I will use an abbreviated syntax like this:
Taxa&Trees >> New Tree Window >> Default Trees
Note that you cannot tell by looking at that instruction which steps are menu options and which are options in a dialog box. I also will omit the "click OK" step. If you start looking for the command in the menu's of Mesquite and follow through with each step of instruction, it should be fairly easy to interpret these instructions

  1. Download Mesquite and launch it by double-clicking on the Mesquite icon.
  2. Copy the file angio35.txt to original-angio35.txt so that if Mesquite modifies the file in an unexpected way we can get back the original data.
  3. Open the file using File >> Open File...
  4. You should see the "project view" of the file which will have icons for various views of the data for instance you can manipulate data about the taxa by clicking on the "Taxa/List & Manage Taxa" button. Look at the character matrix by clicking on the "Show Matrix" button. Familiarize yourself with the matrix editing tools that show up in the toolbar next to the matrix. When you mouse-over a button in the toolbar a description of the tool should appear in the status box at the bottom of the window.
    Note that there are 2 toolbars: one to the left of the matrix and one under the taxa labels.

    Can you add an annotation saying "I don't trust this basecall" to the cell that corresponds to the tenth character and the 11th taxon?

  5. Go back to the Project tab and look at the "List & Manage Characters" view.

    Can you tell which characters were excluded in the exset of the file?

  6. We created some trees in PAUP*, but those were saved to another file. Let's see if we can tell Mesquite that the trees are associated with this data. Use:
    Taxa&Trees >> Import File With Trees >> Link Contents... and the browse to the pars.tre file. This should result in a Trees panel in the project tab. By selecting "Show Trees" you should be able to examine the trees in a new window.
  7. Use Analysis >> Values for Current Tree... >> Treelength to make the tree window display the number of steps required to explain the tree.

    Does the tree length agree with the parsimony score in PAUP? If not, why not?

  8. Is the tree rooted on the outgroup (Funaria hygrometrica)? If not, why not?

    Get familiar with the tools in the tree window's tool bar. Find the rerooting tool and use it to redraw the tree such that Funaria hygrometrica is the outgroup.

    Did the tree length change when you rerooted the tree?

  9. To look at a most parsimonious reconstruction of the character states, we can use Analysis >> Trace Character History >> Parsimony Ancestral Character States . The tree should now be colored (something other than black). The legend in the bottom corner of the window shows how the colors map to the states, what character is being traced, and the number of steps required to explain this character. Find a variable character and look at several rerootings of the tree.

    Does the tree length for the character ever change?
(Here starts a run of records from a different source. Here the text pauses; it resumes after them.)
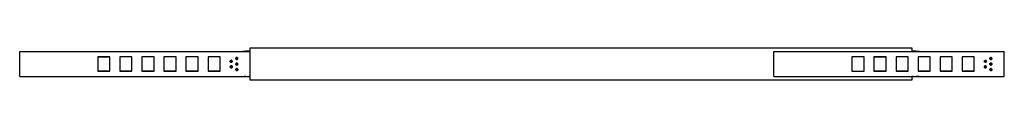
# Model space of a CAD drawing. Header units: millimetres. Extents: x 475 to 1367, y 2202 to 2231.
import ezdxf

# ---------------------------------------------------------------- set-up
doc = ezdxf.new("R2010")
doc.units = ezdxf.units.MM
doc.layers.add('Make2D$Visible$Curvas', color=7, linetype='Continuous')

msp = doc.modelspace()

# ---------------------------------------------------------------- linework, layer by layer
at = {"layer": 'Make2D$Visible$Curvas', "color": 7, "lineweight": -3}
for points, degree in [([(474.56, 2227.77), (474.56, 2227.77)], 1), ([(474.56, 2205.27), (474.56, 2227.77)], 1), ([(474.56, 2227.77), (683.56, 2227.77)], 1), ([(474.56, 2227.77), (683.56, 2227.77)], 1), ([(678.25, 2228.18), (679.75, 2228.18)], 1), ([(682.25, 2228.18), (683.5, 2228.18)], 1), ([(683.5, 2231.22), (1283.5, 2231.22)], 1), ([(683.5, 2230.24), (683.5, 2230.72)], 1), ([(683.56, 2227.77), (683.56, 2227.77)], 1), ([(683.56, 2205.27), (683.56, 2227.77)], 1), ([(1158.44, 2227.77), (1158.44, 2227.77)], 1), ([(1158.44, 2205.27), (1158.44, 2227.77)], 1), ([(1158.44, 2227.77), (1367.44, 2227.77)], 1), ([(1158.44, 2227.77), (1367.44, 2227.77)], 1), ([(1283.5, 2230.72), (1283.5, 2230.24)], 1), ([(1283.5, 2228.18), (1284.75, 2228.18)], 1), ([(1287.25, 2228.18), (1288.75, 2228.18)], 1), ([(1367.44, 2227.77), (1367.44, 2227.77)], 1), ([(1367.44, 2205.27), (1367.44, 2227.77)], 1), ([(545.36, 2223.02), (549.02, 2223.02), (552.69, 2223.02), (556.36, 2223.02)], 3), ([(556.36, 2223.02), (545.36, 2223.02)], 1), ([(545.36, 2223.02), (545.36, 2210.02)], 1), ([(556.36, 2223.02), (556.36, 2223.02), (556.36, 2223.02), (556.36, 2223.02)], 3), ([(556.36, 2210.02), (556.36, 2223.02)], 1), ([(576.36, 2223.02), (565.36, 2223.02)], 1), ([(565.36, 2223.02), (565.36, 2210.02)], 1), ([(576.36, 2210.02), (576.36, 2223.02)], 1), ([(596.36, 2223.02), (585.36, 2223.02)], 1), ([(585.36, 2223.02), (585.36, 2210.02)], 1), ([(596.36, 2210.02), (596.36, 2223.02)], 1), ([(616.36, 2223.02), (605.36, 2223.02)], 1), ([(605.36, 2223.02), (605.36, 2210.02)], 1), ([(616.36, 2210.02), (616.36, 2223.02)], 1), ([(636.36, 2223.02), (625.36, 2223.02)], 1), ([(625.36, 2223.02), (625.36, 2210.02)], 1), ([(636.36, 2210.02), (636.36, 2223.02)], 1), ([(656.36, 2223.02), (645.36, 2223.02)], 1), ([(645.36, 2223.02), (645.36, 2210.02)], 1), ([(656.36, 2210.02), (656.36, 2223.02)], 1), ([(1240.24, 2223.02), (1236.57, 2223.02), (1232.9, 2223.02), (1229.24, 2223.02)], 3), ([(1240.24, 2223.02), (1229.24, 2223.02)], 1), ([(1229.24, 2223.02), (1229.24, 2210.02)], 1), ([(1240.24, 2223.02), (1240.24, 2223.02), (1240.24, 2223.02), (1240.24, 2223.02)], 3), ([(1240.24, 2210.02), (1240.24, 2223.02)], 1), ([(1249.24, 2223.02), (1252.9, 2223.02), (1256.57, 2223.02), (1260.24, 2223.02)], 3), ([(1260.24, 2223.02), (1249.24, 2223.02)], 1), ([(1249.24, 2223.02), (1249.24, 2223.02), (1249.24, 2223.02), (1249.24, 2223.02)], 3), ([(1249.24, 2223.02), (1249.24, 2210.02)], 1), ([(1260.24, 2223.02), (1260.24, 2223.02), (1260.24, 2223.02), (1260.24, 2223.02)], 3), ([(1260.24, 2210.02), (1260.24, 2223.02)], 1), ([(1280.24, 2223.02), (1269.24, 2223.02)], 1), ([(1269.24, 2223.02), (1269.24, 2210.02)], 1), ([(1280.24, 2210.02), (1280.24, 2223.02)], 1), ([(1300.24, 2223.02), (1289.24, 2223.02)], 1), ([(1289.24, 2223.02), (1289.24, 2210.02)], 1), ([(1300.24, 2210.02), (1300.24, 2223.02)], 1), ([(1320.24, 2223.02), (1309.24, 2223.02)], 1), ([(1309.24, 2223.02), (1309.24, 2210.02)], 1), ([(1320.24, 2210.02), (1320.24, 2223.02)], 1), ([(1340.24, 2223.02), (1329.24, 2223.02)], 1), ([(1329.24, 2223.02), (1329.24, 2210.02)], 1), ([(1340.24, 2210.02), (1340.24, 2223.02)], 1), ([(556.36, 2210.02), (552.69, 2210.02), (549.02, 2210.02), (545.36, 2210.02)], 3), ([(545.36, 2210.02), (556.36, 2210.02)], 1), ([(576.36, 2210.02), (565.36, 2210.02)], 1), ([(565.36, 2210.02), (576.36, 2210.02)], 1), ([(596.36, 2210.02), (585.36, 2210.02)], 1), ([(585.36, 2210.02), (596.36, 2210.02)], 1), ([(616.36, 2210.02), (605.36, 2210.02)], 1), ([(605.36, 2210.02), (616.36, 2210.02)], 1), ([(636.36, 2210.02), (625.36, 2210.02)], 1), ([(625.36, 2210.02), (636.36, 2210.02)], 1), ([(656.36, 2210.02), (645.36, 2210.02)], 1), ([(645.36, 2210.02), (656.36, 2210.02)], 1), ([(1229.24, 2210.02), (1232.9, 2210.02), (1236.57, 2210.02), (1240.24, 2210.02)], 3), ([(1229.24, 2210.02), (1240.24, 2210.02)], 1), ([(1260.24, 2210.02), (1256.57, 2210.02), (1252.9, 2210.02), (1249.24, 2210.02)], 3), ([(1249.24, 2210.02), (1260.24, 2210.02)], 1), ([(1280.24, 2210.02), (1269.24, 2210.02)], 1), ([(1269.24, 2210.02), (1280.24, 2210.02)], 1), ([(1300.24, 2210.02), (1289.24, 2210.02)], 1), ([(1289.24, 2210.02), (1300.24, 2210.02)], 1), ([(1320.24, 2210.02), (1309.24, 2210.02)], 1), ([(1309.24, 2210.02), (1320.24, 2210.02)], 1), ([(1340.24, 2210.02), (1329.24, 2210.02)], 1), ([(1329.24, 2210.02), (1340.24, 2210.02)], 1), ([(474.56, 2205.27), (683.56, 2205.27)], 1), ([(679.75, 2205.18), (678.25, 2205.18)], 1), ([(683.5, 2205.18), (682.25, 2205.18)], 1), ([(683.5, 2202.45), (683.5, 2202.92)], 1), ([(1283.5, 2201.95), (683.5, 2201.95)], 1), ([(1158.44, 2205.27), (1367.44, 2205.27)], 1), ([(1284.75, 2205.18), (1283.5, 2205.18)], 1), ([(1283.5, 2202.92), (1283.5, 2202.45)], 1), ([(1288.75, 2205.18), (1287.25, 2205.18)], 1)]:
    msp.add_open_spline(points, degree=degree, dxfattribs=at)
for points, weights in [([(675.18, 2227.77), (676.69, 2228.18), (678.25, 2228.18)], [0.91288600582, 0.946768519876, 1]), ([(678.25, 2227.77), (678.25, 2228.18), (678.25, 2228.18)], [0.912885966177, 0.946768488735, 1]), ([(683.5, 2230.72), (683.5, 2231.22), (683.5, 2231.22)], [1, 0.707106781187, 1]), ([(683.5, 2217.25), (683.5, 2221.58), (683.5, 2230.24)], [1, 0.866025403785, 1]), ([(1283.5, 2231.22), (1283.5, 2231.22), (1283.5, 2230.72)], [1, 0.707106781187, 1]), ([(1283.5, 2230.24), (1283.5, 2228.99), (1283.5, 2227.77)], [1, 0.978214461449, 0.963513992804]), ([(1288.75, 2228.18), (1288.75, 2228.18), (1288.75, 2227.77)], [1, 0.946768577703, 0.912886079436]), ([(1288.75, 2228.18), (1290.31, 2228.18), (1291.81, 2227.77)], [1, 0.946768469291, 0.912885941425]), ([(667.15, 2214.43), (667.15, 2214.43), (667.15, 2214.43)], [0.989292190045, 0.989292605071, 0.989293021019]), ([(667.25, 2218.93), (667.25, 2218.93), (667.25, 2218.93)], [0.989165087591, 0.989165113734, 0.989165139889]), ([(683.5, 2202.92), (683.5, 2211.58), (683.5, 2215.91)], [1, 0.866025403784, 1]), ([(667.16, 2213.62), (667.16, 2213.62), (667.16, 2213.62)], [0.912887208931, 0.912885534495, 0.912883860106]), ([(1298.12, 2210.02), (1298.12, 2210.02), (1298.12, 2210.02)], [0.85954039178, 0.859539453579, 0.859538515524]), ([(676.86, 2205.27), (677.55, 2205.18), (678.25, 2205.18)], [0.95518150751, 0.975549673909, 1]), ([(678.25, 2205.18), (678.25, 2205.18), (678.25, 2205.27)], [1, 0.975549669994, 0.955181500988]), ([(683.5, 2201.95), (683.5, 2201.95), (683.5, 2202.45)], [1, 0.707106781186, 1]), ([(1283.5, 2205.27), (1283.5, 2204.1), (1283.5, 2202.92)], [0.965090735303, 0.979368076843, 1]), ([(1283.5, 2202.45), (1283.5, 2201.95), (1283.5, 2201.95)], [1, 0.707106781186, 1]), ([(1288.75, 2205.27), (1288.75, 2205.18), (1288.75, 2205.18)], [0.955181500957, 0.975549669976, 1]), ([(1290.13, 2205.27), (1289.44, 2205.18), (1288.75, 2205.18)], [0.955181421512, 0.975549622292, 1])]:
    msp.add_rational_spline(points, weights, degree=2, dxfattribs=at)
for points, knots in [([(682.25, 2228.18), (682.25, 2228.18), (682.21, 2228.18), (682.09, 2228.17), (682, 2228.16), (681.77, 2228.14), (681.63, 2228.13), (681.33, 2228.12), (681.16, 2228.11), (680.92, 2228.11), (680.83, 2228.11), (680.67, 2228.12), (680.59, 2228.12), (680.37, 2228.13), (680.23, 2228.14), (680, 2228.16), (679.9, 2228.17), (679.81, 2228.17), (679.79, 2228.18), (679.76, 2228.18), (679.75, 2228.18), (679.75, 2228.18)], [0, 0, 0, 0, 0.493806, 0.493806, 0.987612, 0.987612, 1.481418, 1.481418, 1.975223, 1.975223, 2.222126, 2.222126, 2.469029, 2.469029, 2.962835, 2.962835, 3.456641, 3.456641, 3.703544, 3.703544, 3.950447, 3.950447, 3.950447, 3.950447]), ([(1287.25, 2228.18), (1287.25, 2228.18), (1287.24, 2228.18), (1287.21, 2228.18), (1287.18, 2228.17), (1287.09, 2228.17), (1287, 2228.16), (1286.76, 2228.14), (1286.63, 2228.13), (1286.4, 2228.12), (1286.32, 2228.12), (1286.16, 2228.11), (1286.08, 2228.11), (1285.83, 2228.11), (1285.67, 2228.12), (1285.37, 2228.13), (1285.23, 2228.14), (1285, 2228.16), (1284.91, 2228.17), (1284.78, 2228.18), (1284.75, 2228.18), (1284.75, 2228.18)], [0, 0, 0, 0, 0.246903, 0.246903, 0.493806, 0.493806, 0.987612, 0.987612, 1.481418, 1.481418, 1.728321, 1.728321, 1.975223, 1.975223, 2.469029, 2.469029, 2.962835, 2.962835, 3.456641, 3.456641, 3.950447, 3.950447, 3.950447, 3.950447]), ([(666.36, 2219.92), (666.12, 2219.92), (665.89, 2219.82), (665.55, 2219.48), (665.46, 2219.25), (665.46, 2218.78), (665.55, 2218.55), (665.89, 2218.21), (666.12, 2218.12), (666.36, 2218.12)], [-2.827433, -2.827433, -2.827433, -2.827433, -2.120575, -2.120575, -1.413717, -1.413717, -0.706858, -0.706858, 0, 0, 0, 0]), ([(665.46, 2214.02), (665.46, 2214.02), (665.46, 2214.02), (665.46, 2214.25), (665.55, 2214.48), (665.89, 2214.82), (666.12, 2214.92), (666.36, 2214.92)], [1.413598, 1.413598, 1.413598, 1.413598, 1.413717, 1.413717, 2.120575, 2.120575, 2.827433, 2.827433, 2.827433, 2.827433]), ([(666.36, 2219.92), (666.6, 2219.92), (666.82, 2219.82), (667.16, 2219.48), (667.26, 2219.25), (667.26, 2218.78), (667.16, 2218.55), (666.82, 2218.21), (666.6, 2218.12), (666.36, 2218.12)], [2.827433, 2.827433, 2.827433, 2.827433, 3.534292, 3.534292, 4.24115, 4.24115, 4.948008, 4.948008, 5.654867, 5.654867, 5.654867, 5.654867]), ([(670.46, 2221.52), (670.46, 2221.52), (670.46, 2221.52), (670.46, 2221.75), (670.55, 2221.98), (670.89, 2222.32), (671.12, 2222.42), (671.36, 2222.42)], [-1.413831, -1.413831, -1.413831, -1.413831, -1.413717, -1.413717, -0.706858, -0.706858, 0, 0, 0, 0]), ([(671.36, 2220.62), (671.12, 2220.62), (670.89, 2220.71), (670.56, 2221.04), (670.46, 2221.26), (670.46, 2221.49)], [-2.827433, -2.827433, -2.827433, -2.827433, -2.120575, -2.120575, -1.438069, -1.438069, -1.438069, -1.438069]), ([(670.46, 2216.52), (670.46, 2216.52), (670.46, 2216.52), (670.46, 2216.75), (670.55, 2216.98), (670.89, 2217.32), (671.12, 2217.42), (671.36, 2217.42)], [-1.413839, -1.413839, -1.413839, -1.413839, -1.413717, -1.413717, -0.706858, -0.706858, 0, 0, 0, 0]), ([(671.36, 2215.62), (671.12, 2215.62), (670.89, 2215.71), (670.56, 2216.04), (670.46, 2216.26), (670.46, 2216.49)], [-2.827433, -2.827433, -2.827433, -2.827433, -2.120575, -2.120575, -1.438093, -1.438093, -1.438093, -1.438093]), ([(671.36, 2222.42), (671.6, 2222.42), (671.82, 2222.32), (672.16, 2221.98), (672.26, 2221.75), (672.26, 2221.28), (672.16, 2221.05), (671.82, 2220.71), (671.6, 2220.62), (671.36, 2220.62)], [0, 0, 0, 0, 0.706858, 0.706858, 1.413717, 1.413717, 2.120575, 2.120575, 2.827433, 2.827433, 2.827433, 2.827433]), ([(671.36, 2217.42), (671.6, 2217.42), (671.82, 2217.32), (672.16, 2216.98), (672.26, 2216.75), (672.26, 2216.28), (672.16, 2216.05), (671.82, 2215.71), (671.6, 2215.62), (671.36, 2215.62)], [0, 0, 0, 0, 0.706858, 0.706858, 1.413717, 1.413717, 2.120575, 2.120575, 2.827433, 2.827433, 2.827433, 2.827433]), ([(1349.34, 2219.02), (1349.34, 2219.02), (1349.34, 2219.02), (1349.34, 2219.25), (1349.43, 2219.48), (1349.77, 2219.82), (1350, 2219.92), (1350.24, 2219.92)], [-1.41384, -1.41384, -1.41384, -1.41384, -1.413717, -1.413717, -0.706858, -0.706858, 0, 0, 0, 0]), ([(1350.24, 2218.12), (1350, 2218.12), (1349.77, 2218.21), (1349.44, 2218.54), (1349.34, 2218.76), (1349.34, 2218.99)], [-2.827433, -2.827433, -2.827433, -2.827433, -2.120575, -2.120575, -1.438069, -1.438069, -1.438069, -1.438069]), ([(1350.24, 2219.92), (1350.48, 2219.92), (1350.71, 2219.82), (1351.04, 2219.48), (1351.14, 2219.25), (1351.14, 2218.78), (1351.04, 2218.55), (1350.71, 2218.21), (1350.48, 2218.12), (1350.24, 2218.12)], [0, 0, 0, 0, 0.706858, 0.706858, 1.413717, 1.413717, 2.120575, 2.120575, 2.827433, 2.827433, 2.827433, 2.827433]), ([(1350.24, 2214.92), (1350.48, 2214.92), (1350.71, 2214.82), (1351.04, 2214.48), (1351.14, 2214.25), (1351.14, 2213.78), (1351.04, 2213.55), (1350.71, 2213.21), (1350.48, 2213.12), (1350.24, 2213.12)], [-2.827433, -2.827433, -2.827433, -2.827433, -2.120575, -2.120575, -1.413717, -1.413717, -0.706858, -0.706858, 0, 0, 0, 0]), ([(1354.34, 2221.52), (1354.34, 2221.52), (1354.34, 2221.52), (1354.34, 2221.75), (1354.43, 2221.98), (1354.77, 2222.32), (1355, 2222.42), (1355.24, 2222.42)], [-1.413839, -1.413839, -1.413839, -1.413839, -1.413717, -1.413717, -0.706858, -0.706858, 0, 0, 0, 0]), ([(1355.24, 2220.62), (1355, 2220.62), (1354.77, 2220.71), (1354.44, 2221.04), (1354.34, 2221.26), (1354.34, 2221.5)], [-2.827433, -2.827433, -2.827433, -2.827433, -2.120575, -2.120575, -1.433343, -1.433343, -1.433343, -1.433343]), ([(1355.24, 2222.42), (1355.48, 2222.42), (1355.71, 2222.32), (1356.04, 2221.98), (1356.14, 2221.75), (1356.14, 2221.28), (1356.04, 2221.05), (1355.71, 2220.71), (1355.48, 2220.62), (1355.24, 2220.62)], [0, 0, 0, 0, 0.706858, 0.706858, 1.413717, 1.413717, 2.120575, 2.120575, 2.827433, 2.827433, 2.827433, 2.827433]), ([(666.36, 2213.12), (666.12, 2213.12), (665.89, 2213.21), (665.56, 2213.54), (665.46, 2213.76), (665.46, 2213.99)], [0, 0, 0, 0, 0.706858, 0.706858, 1.389334, 1.389334, 1.389334, 1.389334]), ([(670.46, 2211.52), (670.46, 2211.52), (670.46, 2211.52), (670.46, 2211.75), (670.55, 2211.98), (670.89, 2212.32), (671.12, 2212.42), (671.36, 2212.42)], [1.413598, 1.413598, 1.413598, 1.413598, 1.413717, 1.413717, 2.120575, 2.120575, 2.827433, 2.827433, 2.827433, 2.827433]), ([(671.36, 2210.62), (671.12, 2210.62), (670.89, 2210.71), (670.56, 2211.04), (670.46, 2211.26), (670.46, 2211.49)], [0, 0, 0, 0, 0.706858, 0.706858, 1.389356, 1.389356, 1.389356, 1.389356]), ([(1354.34, 2211.52), (1354.34, 2211.52), (1354.34, 2211.52), (1354.34, 2211.75), (1354.43, 2211.98), (1354.77, 2212.32), (1355, 2212.42), (1355.24, 2212.42)], [1.413598, 1.413598, 1.413598, 1.413598, 1.413717, 1.413717, 2.120575, 2.120575, 2.827433, 2.827433, 2.827433, 2.827433]), ([(1355.24, 2210.62), (1355, 2210.62), (1354.77, 2210.71), (1354.44, 2211.04), (1354.34, 2211.26), (1354.34, 2211.49)], [0, 0, 0, 0, 0.706858, 0.706858, 1.390585, 1.390585, 1.390585, 1.390585]), ([(679.75, 2205.18), (679.75, 2205.18), (679.78, 2205.19), (679.91, 2205.2), (680, 2205.21), (680.23, 2205.22), (680.37, 2205.23), (680.67, 2205.25), (680.83, 2205.25), (681.08, 2205.25), (681.16, 2205.25), (681.32, 2205.25), (681.4, 2205.24), (681.63, 2205.23), (681.76, 2205.22), (682, 2205.21), (682.09, 2205.2), (682.18, 2205.19), (682.21, 2205.19), (682.24, 2205.18), (682.25, 2205.18), (682.25, 2205.18)], [0, 0, 0, 0, 0.493806, 0.493806, 0.987612, 0.987612, 1.481418, 1.481418, 1.975223, 1.975223, 2.222126, 2.222126, 2.469029, 2.469029, 2.962835, 2.962835, 3.456641, 3.456641, 3.703544, 3.703544, 3.950447, 3.950447, 3.950447, 3.950447]), ([(1284.75, 2205.18), (1284.75, 2205.18), (1284.76, 2205.18), (1284.79, 2205.19), (1284.81, 2205.19), (1284.9, 2205.2), (1285, 2205.21), (1285.23, 2205.22), (1285.37, 2205.23), (1285.59, 2205.24), (1285.67, 2205.25), (1285.83, 2205.25), (1285.92, 2205.25), (1286.16, 2205.25), (1286.33, 2205.25), (1286.63, 2205.23), (1286.77, 2205.22), (1287, 2205.21), (1287.09, 2205.2), (1287.21, 2205.19), (1287.25, 2205.18), (1287.25, 2205.18)], [0, 0, 0, 0, 0.246903, 0.246903, 0.493806, 0.493806, 0.987612, 0.987612, 1.481418, 1.481418, 1.728321, 1.728321, 1.975223, 1.975223, 2.469029, 2.469029, 2.962835, 2.962835, 3.456641, 3.456641, 3.950447, 3.950447, 3.950447, 3.950447])]:
    msp.add_open_spline(points, degree=3, knots=knots, dxfattribs=at)
for points, weights, knots in [([(666.36, 2218.12), (665.46, 2218.12), (665.46, 2219.02), (665.46, 2219.92), (666.36, 2219.92)], [1, 0.707106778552, 1, 0.707106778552, 1], [0, 0, 0, 1.413717, 1.413717, 2.827433, 2.827433, 2.827433]), ([(666.36, 2214.92), (665.46, 2214.92), (665.46, 2214.02), (665.46, 2213.12), (666.36, 2213.12)], [1, 0.707106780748, 1, 0.707106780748, 1], [-2.827433, -2.827433, -2.827433, -1.413717, -1.413717, 0, 0, 0]), ([(666.36, 2218.12), (667.26, 2218.12), (667.26, 2219.02), (667.26, 2219.92), (666.36, 2219.92)], [1, 0.707106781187, 1, 0.707106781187, 1], [-2.827433, -2.827433, -2.827433, -1.413717, -1.413717, 0, 0, 0]), ([(666.36, 2214.92), (667.26, 2214.92), (667.26, 2214.02), (667.26, 2213.12), (666.36, 2213.12)], [1, 0.707106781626, 1, 0.707106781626, 1], [-2.827433, -2.827433, -2.827433, -1.413717, -1.413717, 0, 0, 0]), ([(666.36, 2213.12), (667.26, 2213.12), (667.26, 2214.02), (667.26, 2214.92), (666.36, 2214.92)], [1, 0.707106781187, 1, 0.707106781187, 1], [-2.827433, -2.827433, -2.827433, -1.413717, -1.413717, 0, 0, 0]), ([(671.36, 2222.42), (670.46, 2222.42), (670.46, 2221.52), (670.46, 2220.62), (671.36, 2220.62)], [1, 0.707106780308, 1, 0.707106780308, 1], [-2.827433, -2.827433, -2.827433, -1.413717, -1.413717, 0, 0, 0]), ([(671.36, 2217.42), (670.46, 2217.42), (670.46, 2216.52), (670.46, 2215.62), (671.36, 2215.62)], [1, 0.707106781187, 1, 0.707106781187, 1], [-2.827433, -2.827433, -2.827433, -1.413717, -1.413717, 0, 0, 0]), ([(671.36, 2220.62), (672.26, 2220.62), (672.26, 2221.52), (672.26, 2222.42), (671.36, 2222.42)], [1, 0.707106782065, 1, 0.707106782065, 1], [-2.827433, -2.827433, -2.827433, -1.413717, -1.413717, 0, 0, 0]), ([(671.36, 2215.62), (672.26, 2215.62), (672.26, 2216.52), (672.26, 2217.42), (671.36, 2217.42)], [1, 0.707106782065, 1, 0.707106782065, 1], [-2.827433, -2.827433, -2.827433, -1.413717, -1.413717, 0, 0, 0]), ([(1350.24, 2218.12), (1349.34, 2218.12), (1349.34, 2219.02), (1349.34, 2219.92), (1350.24, 2219.92)], [1, 0.707106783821, 1, 0.707106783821, 1], [0, 0, 0, 1.413717, 1.413717, 2.827433, 2.827433, 2.827433]), ([(1350.24, 2213.12), (1349.34, 2213.12), (1349.34, 2214.02), (1349.34, 2214.92), (1350.24, 2214.92)], [1, 0.707106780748, 1, 0.707106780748, 1], [-2.827433, -2.827433, -2.827433, -1.413717, -1.413717, 0, 0, 0]), ([(1350.24, 2214.92), (1349.34, 2214.92), (1349.34, 2214.02), (1349.34, 2213.12), (1350.24, 2213.12)], [1, 0.707106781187, 1, 0.707106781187, 1], [-2.827433, -2.827433, -2.827433, -1.413717, -1.413717, 0, 0, 0]), ([(1350.24, 2218.12), (1351.14, 2218.12), (1351.14, 2219.02), (1351.14, 2219.92), (1350.24, 2219.92)], [1, 0.707106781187, 1, 0.707106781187, 1], [-2.827433, -2.827433, -2.827433, -1.413717, -1.413717, 0, 0, 0]), ([(1350.24, 2213.12), (1351.14, 2213.12), (1351.14, 2214.02), (1351.14, 2214.92), (1350.24, 2214.92)], [1, 0.707106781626, 1, 0.707106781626, 1], [-2.827433, -2.827433, -2.827433, -1.413717, -1.413717, 0, 0, 0]), ([(1355.24, 2222.42), (1354.34, 2222.42), (1354.34, 2221.52), (1354.34, 2220.62), (1355.24, 2220.62)], [1, 0.707106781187, 1, 0.707106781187, 1], [-2.827433, -2.827433, -2.827433, -1.413717, -1.413717, 0, 0, 0]), ([(1355.24, 2215.62), (1354.34, 2215.62), (1354.34, 2216.52), (1354.34, 2217.42), (1355.24, 2217.42)], [1, 0.707106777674, 1, 0.707106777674, 1], [0, 0, 0, 1.413717, 1.413717, 2.827433, 2.827433, 2.827433]), ([(1355.24, 2217.42), (1354.34, 2217.42), (1354.34, 2216.52), (1354.34, 2215.62), (1355.24, 2215.62)], [1, 0.707106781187, 1, 0.707106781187, 1], [-2.827433, -2.827433, -2.827433, -1.413717, -1.413717, 0, 0, 0]), ([(1355.24, 2220.62), (1356.14, 2220.62), (1356.14, 2221.52), (1356.14, 2222.42), (1355.24, 2222.42)], [1, 0.707106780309, 1, 0.707106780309, 1], [-2.827433, -2.827433, -2.827433, -1.413717, -1.413717, 0, 0, 0]), ([(1355.24, 2217.42), (1356.14, 2217.42), (1356.14, 2216.52), (1356.14, 2215.62), (1355.24, 2215.62)], [1, 0.707106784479, 1, 0.707106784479, 1], [0, 0, 0, 1.413717, 1.413717, 2.827433, 2.827433, 2.827433]), ([(1355.24, 2215.62), (1356.14, 2215.62), (1356.14, 2216.52), (1356.14, 2217.42), (1355.24, 2217.42)], [1, 0.707106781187, 1, 0.707106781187, 1], [-2.827433, -2.827433, -2.827433, -1.413717, -1.413717, 0, 0, 0]), ([(671.36, 2212.42), (670.46, 2212.42), (670.46, 2211.52), (670.46, 2210.62), (671.36, 2210.62)], [1, 0.707106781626, 1, 0.707106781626, 1], [-2.827433, -2.827433, -2.827433, -1.413717, -1.413717, 0, 0, 0]), ([(671.36, 2212.42), (672.26, 2212.42), (672.26, 2211.52), (672.26, 2210.62), (671.36, 2210.62)], [1, 0.707106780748, 1, 0.707106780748, 1], [-2.827433, -2.827433, -2.827433, -1.413717, -1.413717, 0, 0, 0]), ([(671.36, 2210.62), (672.26, 2210.62), (672.26, 2211.52), (672.26, 2212.42), (671.36, 2212.42)], [1, 0.707106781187, 1, 0.707106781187, 1], [-2.827433, -2.827433, -2.827433, -1.413717, -1.413717, 0, 0, 0]), ([(1355.24, 2212.42), (1354.34, 2212.42), (1354.34, 2211.52), (1354.34, 2210.62), (1355.24, 2210.62)], [1, 0.707106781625, 1, 0.707106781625, 1], [-2.827433, -2.827433, -2.827433, -1.413717, -1.413717, 0, 0, 0]), ([(1355.24, 2212.42), (1356.14, 2212.42), (1356.14, 2211.52), (1356.14, 2210.62), (1355.24, 2210.62)], [1, 0.707106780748, 1, 0.707106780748, 1], [-2.827433, -2.827433, -2.827433, -1.413717, -1.413717, 0, 0, 0]), ([(1355.24, 2210.62), (1356.14, 2210.62), (1356.14, 2211.52), (1356.14, 2212.42), (1355.24, 2212.42)], [1, 0.707106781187, 1, 0.707106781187, 1], [-2.827433, -2.827433, -2.827433, -1.413717, -1.413717, 0, 0, 0])]:
    msp.add_rational_spline(points, weights, degree=2, knots=knots, dxfattribs=at)

doc.saveas('drawing.dxf')

    Find a character with homoplasy in it and use the "Move Branch" tool to rearrang the tree so that there is no homoplasy in that character

    What happened to the total tree length when you made the changes?

  10. Quit Mesquite and save the changes to the file (you are welcome to continue to check out Mesquite, but we are done with it for today's lab).
  11. Open angio35.nex and look at the changes that Mesquite made.

    Can you find the annotations that you made about the cell of the character matrix? Do you think that these changes will interfere with PAUP reading the file? Were the trees from the parsimony analysis included in the file?

  12. Start PAUP* again. Execute the angio35.nex file and then use paup's GetTrees command to get the trees from the pars.tre file. Calculate the parsimony scores of the trees (if you changed them in Mesquite then they will not all be the same score as they were before you ran Mesquite.